しかしそこでも夜遊びが止まらないマラドーナは、ビラルド監督と対立、1年でチームを離れて故郷に戻った。その後アルゼンチンのオールドボーイズでプレーするが、態度の悪さに僅か5試合で解雇、その後はブエノスアイレスの別宅で隠遁生活を送る。邸宅の門前に群がる報道陣に苛立ち、エアライフルを乱射するという騒動を起こしたのはこの頃である。

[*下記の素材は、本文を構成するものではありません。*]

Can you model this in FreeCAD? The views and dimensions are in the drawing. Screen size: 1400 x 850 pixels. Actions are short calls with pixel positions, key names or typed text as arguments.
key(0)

だがその一方、W杯南米予選でアルゼンチンは苦戦を強いられ、国民からはマラドーナ待望論が沸き上がっていた。93年10月、急いで身体を絞った(薬物も使用)マラドーナは、オーストラリアとの大陸間プレーオフで代表に復帰、アルゼンチンの本大会出場に貢献した。

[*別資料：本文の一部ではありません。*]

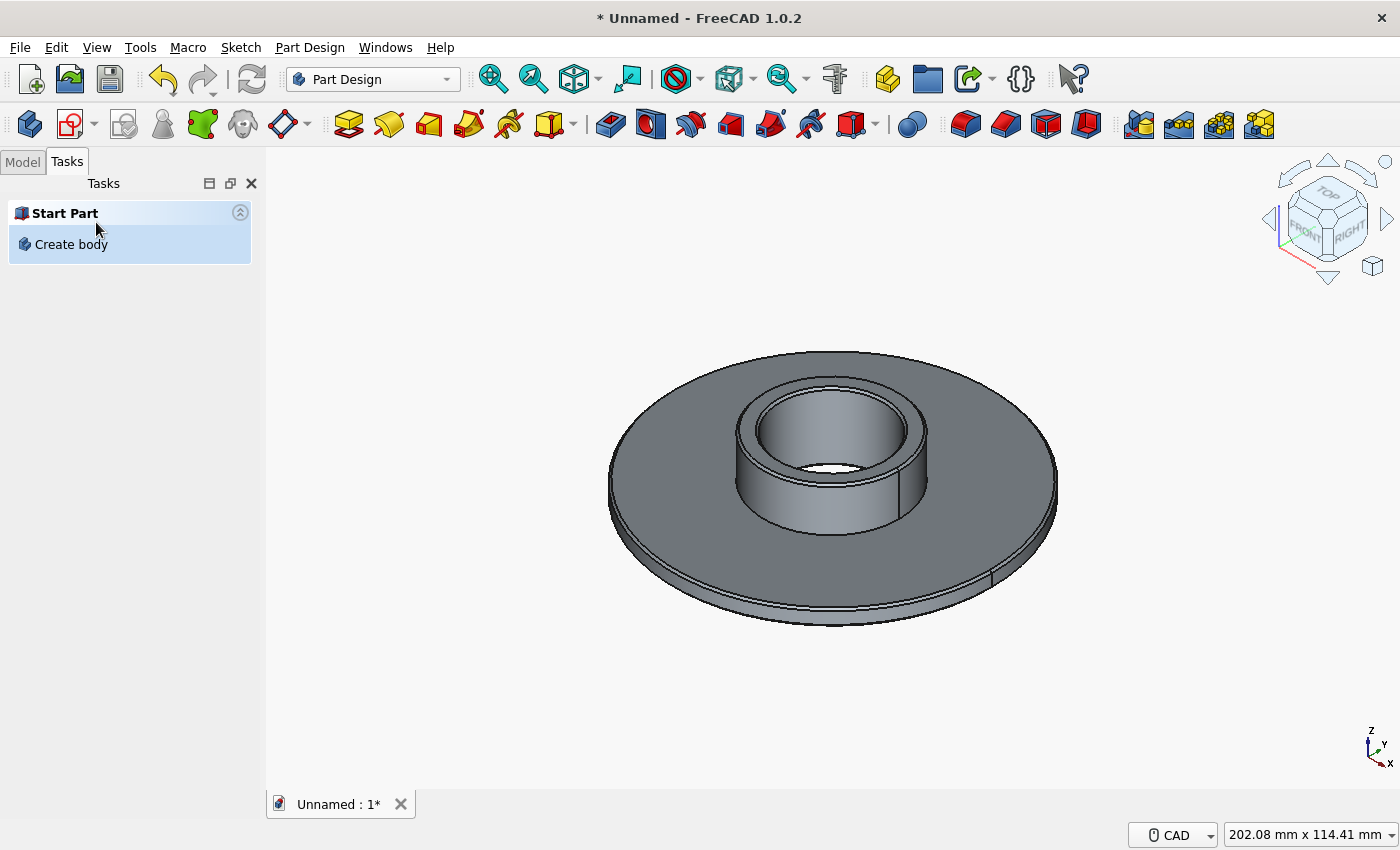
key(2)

94年6月、Wカップ・アメリカ大会に出場。マラドーナはG/L初戦のギリシャ戦で復活弾を決め、カメラに向かって狂気とも見える雄叫びをあげた。続くナイジェリア戦も2-1の勝利に貢献、しかし試合後のドーピング検査で、マラドーナの尿から禁止薬物エフェドリンの陽性反応が出た。

すぐにアルゼンチンサッカー協会は彼をチームから外し、2ヶ月後にFIFAから15ヶ月間出場停止の裁定が下る。この時マラドーナは33歳、彼の栄光のキャリアに事実上の終止符が打たれることになった。

晩年のマラドーナ

95年9月に出場処分が解けたあと、古巣のボカ・ジュニアーズで復帰。そのお騒がせぶりは相変わらずで、97年8月にまたもコカインの陽性反応に引っかかってしまう。そして37歳の誕生日となる同年10月30日に現役引退を発表、彼が栄光を刻んだナポリはその背番号10を永久欠番とした。

引退後は肥満、薬物中毒、アルコール依存症により入退院を繰り返して、一時危篤状態にも陥る。04年には食を細くするための胃切手術を受け、体重を減らしてようやく健康は回復に向かった。08年にアルゼンチン代表監督に就任、10年のWカップ・南アフリカ大会はリオネル・メッシを擁してベスト8まで進んだ。

しかしアルゼンチン代表で注目を集めたのはその試合内容ではなく、マラドーナ監督の表現豊かなパフォーマンスと奔放な言動だった。その後は各クラブで監督やコーチを務めていたが、2020年11月25日、心不全によりブエノスアイレスの自宅で死去。享年60歳。